━━━━━ Provided entries
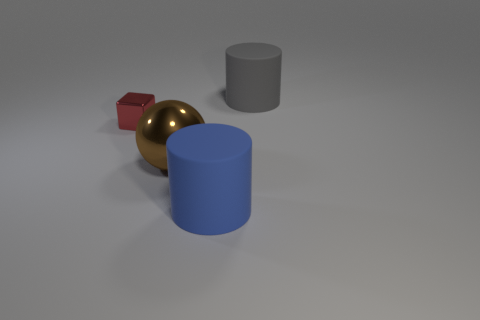Add 3 tiny yellow shiny objects. How many objects exist? 7 Subtract all balls. How many objects are left? 3 Add 1 gray things. How many gray things are left? 2 Add 1 red metal cubes. How many red metal cubes exist? 2 Subtract 0 yellow balls. How many objects are left? 4 Subtract all large gray matte cubes. Subtract all big matte cylinders. How many objects are left? 2 
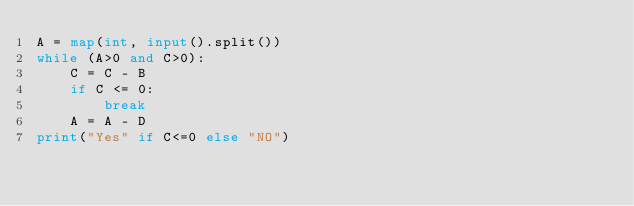<code> <loc_0><loc_0><loc_500><loc_500><_Python_>A = map(int, input().split())
while (A>0 and C>0):
    C = C - B
    if C <= 0:
        break
    A = A - D
print("Yes" if C<=0 else "NO")</code> 
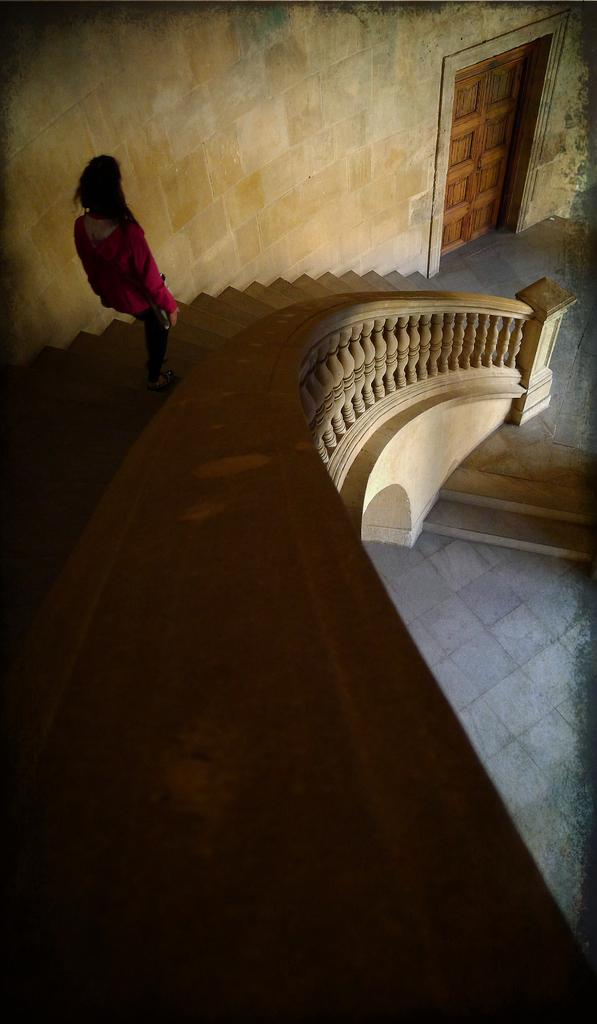What type of location is depicted in the image? The image shows an inside view of a building. Can you describe any people present in the image? There is a woman in the image. What architectural feature can be seen in the image? There are stairs visible in the image. What type of jewel is the woman wearing in the image? There is no mention of a jewel in the image, and the woman is not wearing any visible jewelry. Can you see any fairies in the image? There are no fairies present in the image; it only shows a woman and an interior view of a building. 
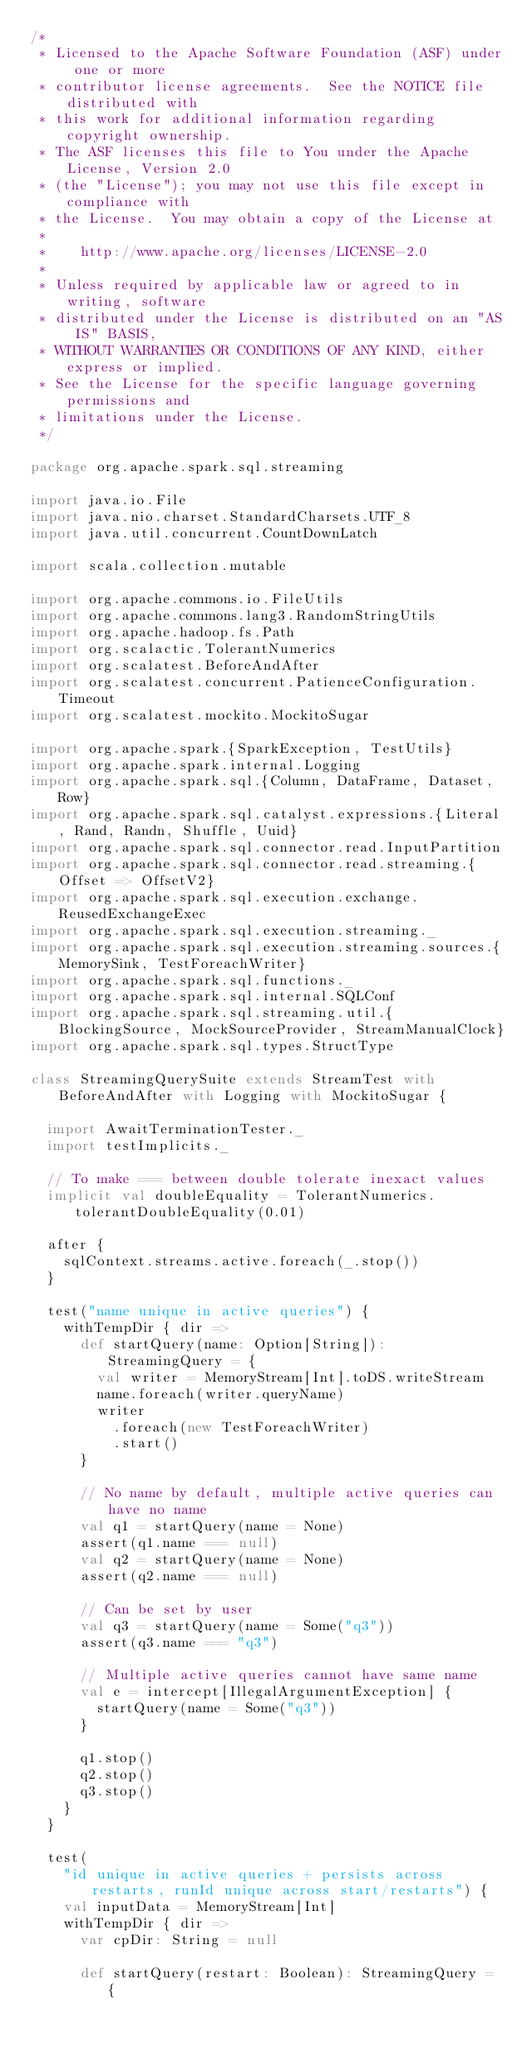<code> <loc_0><loc_0><loc_500><loc_500><_Scala_>/*
 * Licensed to the Apache Software Foundation (ASF) under one or more
 * contributor license agreements.  See the NOTICE file distributed with
 * this work for additional information regarding copyright ownership.
 * The ASF licenses this file to You under the Apache License, Version 2.0
 * (the "License"); you may not use this file except in compliance with
 * the License.  You may obtain a copy of the License at
 *
 *    http://www.apache.org/licenses/LICENSE-2.0
 *
 * Unless required by applicable law or agreed to in writing, software
 * distributed under the License is distributed on an "AS IS" BASIS,
 * WITHOUT WARRANTIES OR CONDITIONS OF ANY KIND, either express or implied.
 * See the License for the specific language governing permissions and
 * limitations under the License.
 */

package org.apache.spark.sql.streaming

import java.io.File
import java.nio.charset.StandardCharsets.UTF_8
import java.util.concurrent.CountDownLatch

import scala.collection.mutable

import org.apache.commons.io.FileUtils
import org.apache.commons.lang3.RandomStringUtils
import org.apache.hadoop.fs.Path
import org.scalactic.TolerantNumerics
import org.scalatest.BeforeAndAfter
import org.scalatest.concurrent.PatienceConfiguration.Timeout
import org.scalatest.mockito.MockitoSugar

import org.apache.spark.{SparkException, TestUtils}
import org.apache.spark.internal.Logging
import org.apache.spark.sql.{Column, DataFrame, Dataset, Row}
import org.apache.spark.sql.catalyst.expressions.{Literal, Rand, Randn, Shuffle, Uuid}
import org.apache.spark.sql.connector.read.InputPartition
import org.apache.spark.sql.connector.read.streaming.{Offset => OffsetV2}
import org.apache.spark.sql.execution.exchange.ReusedExchangeExec
import org.apache.spark.sql.execution.streaming._
import org.apache.spark.sql.execution.streaming.sources.{MemorySink, TestForeachWriter}
import org.apache.spark.sql.functions._
import org.apache.spark.sql.internal.SQLConf
import org.apache.spark.sql.streaming.util.{BlockingSource, MockSourceProvider, StreamManualClock}
import org.apache.spark.sql.types.StructType

class StreamingQuerySuite extends StreamTest with BeforeAndAfter with Logging with MockitoSugar {

  import AwaitTerminationTester._
  import testImplicits._

  // To make === between double tolerate inexact values
  implicit val doubleEquality = TolerantNumerics.tolerantDoubleEquality(0.01)

  after {
    sqlContext.streams.active.foreach(_.stop())
  }

  test("name unique in active queries") {
    withTempDir { dir =>
      def startQuery(name: Option[String]): StreamingQuery = {
        val writer = MemoryStream[Int].toDS.writeStream
        name.foreach(writer.queryName)
        writer
          .foreach(new TestForeachWriter)
          .start()
      }

      // No name by default, multiple active queries can have no name
      val q1 = startQuery(name = None)
      assert(q1.name === null)
      val q2 = startQuery(name = None)
      assert(q2.name === null)

      // Can be set by user
      val q3 = startQuery(name = Some("q3"))
      assert(q3.name === "q3")

      // Multiple active queries cannot have same name
      val e = intercept[IllegalArgumentException] {
        startQuery(name = Some("q3"))
      }

      q1.stop()
      q2.stop()
      q3.stop()
    }
  }

  test(
    "id unique in active queries + persists across restarts, runId unique across start/restarts") {
    val inputData = MemoryStream[Int]
    withTempDir { dir =>
      var cpDir: String = null

      def startQuery(restart: Boolean): StreamingQuery = {</code>
━━━━━━━━━━
• **What is being asked**
Output the lines above in full and exactly. Leave out every picture.

• **Task result**
Add 3 tiny yellow shiny objects. How many objects exist? 7 Subtract all balls. How many objects are left? 3 Add 1 gray things. How many gray things are left? 2 Add 1 red metal cubes. How many red metal cubes exist? 2 Subtract 0 yellow balls. How many objects are left? 4 Subtract all large gray matte cubes. Subtract all big matte cylinders. How many objects are left? 2 
<code> <loc_0><loc_0><loc_500><loc_500><_Python_>A = map(int, input().split())
while (A>0 and C>0):
    C = C - B
    if C <= 0:
        break
    A = A - D
print("Yes" if C<=0 else "NO")</code> 
What type of location is depicted in the image? The image shows an inside view of a building. Can you describe any people present in the image? There is a woman in the image. What architectural feature can be seen in the image? There are stairs visible in the image. What type of jewel is the woman wearing in the image? There is no mention of a jewel in the image, and the woman is not wearing any visible jewelry. Can you see any fairies in the image? There are no fairies present in the image; it only shows a woman and an interior view of a building. 
<code> <loc_0><loc_0><loc_500><loc_500><_Scala_>/*
 * Licensed to the Apache Software Foundation (ASF) under one or more
 * contributor license agreements.  See the NOTICE file distributed with
 * this work for additional information regarding copyright ownership.
 * The ASF licenses this file to You under the Apache License, Version 2.0
 * (the "License"); you may not use this file except in compliance with
 * the License.  You may obtain a copy of the License at
 *
 *    http://www.apache.org/licenses/LICENSE-2.0
 *
 * Unless required by applicable law or agreed to in writing, software
 * distributed under the License is distributed on an "AS IS" BASIS,
 * WITHOUT WARRANTIES OR CONDITIONS OF ANY KIND, either express or implied.
 * See the License for the specific language governing permissions and
 * limitations under the License.
 */

package org.apache.spark.sql.streaming

import java.io.File
import java.nio.charset.StandardCharsets.UTF_8
import java.util.concurrent.CountDownLatch

import scala.collection.mutable

import org.apache.commons.io.FileUtils
import org.apache.commons.lang3.RandomStringUtils
import org.apache.hadoop.fs.Path
import org.scalactic.TolerantNumerics
import org.scalatest.BeforeAndAfter
import org.scalatest.concurrent.PatienceConfiguration.Timeout
import org.scalatest.mockito.MockitoSugar

import org.apache.spark.{SparkException, TestUtils}
import org.apache.spark.internal.Logging
import org.apache.spark.sql.{Column, DataFrame, Dataset, Row}
import org.apache.spark.sql.catalyst.expressions.{Literal, Rand, Randn, Shuffle, Uuid}
import org.apache.spark.sql.connector.read.InputPartition
import org.apache.spark.sql.connector.read.streaming.{Offset => OffsetV2}
import org.apache.spark.sql.execution.exchange.ReusedExchangeExec
import org.apache.spark.sql.execution.streaming._
import org.apache.spark.sql.execution.streaming.sources.{MemorySink, TestForeachWriter}
import org.apache.spark.sql.functions._
import org.apache.spark.sql.internal.SQLConf
import org.apache.spark.sql.streaming.util.{BlockingSource, MockSourceProvider, StreamManualClock}
import org.apache.spark.sql.types.StructType

class StreamingQuerySuite extends StreamTest with BeforeAndAfter with Logging with MockitoSugar {

  import AwaitTerminationTester._
  import testImplicits._

  // To make === between double tolerate inexact values
  implicit val doubleEquality = TolerantNumerics.tolerantDoubleEquality(0.01)

  after {
    sqlContext.streams.active.foreach(_.stop())
  }

  test("name unique in active queries") {
    withTempDir { dir =>
      def startQuery(name: Option[String]): StreamingQuery = {
        val writer = MemoryStream[Int].toDS.writeStream
        name.foreach(writer.queryName)
        writer
          .foreach(new TestForeachWriter)
          .start()
      }

      // No name by default, multiple active queries can have no name
      val q1 = startQuery(name = None)
      assert(q1.name === null)
      val q2 = startQuery(name = None)
      assert(q2.name === null)

      // Can be set by user
      val q3 = startQuery(name = Some("q3"))
      assert(q3.name === "q3")

      // Multiple active queries cannot have same name
      val e = intercept[IllegalArgumentException] {
        startQuery(name = Some("q3"))
      }

      q1.stop()
      q2.stop()
      q3.stop()
    }
  }

  test(
    "id unique in active queries + persists across restarts, runId unique across start/restarts") {
    val inputData = MemoryStream[Int]
    withTempDir { dir =>
      var cpDir: String = null

      def startQuery(restart: Boolean): StreamingQuery = {</code>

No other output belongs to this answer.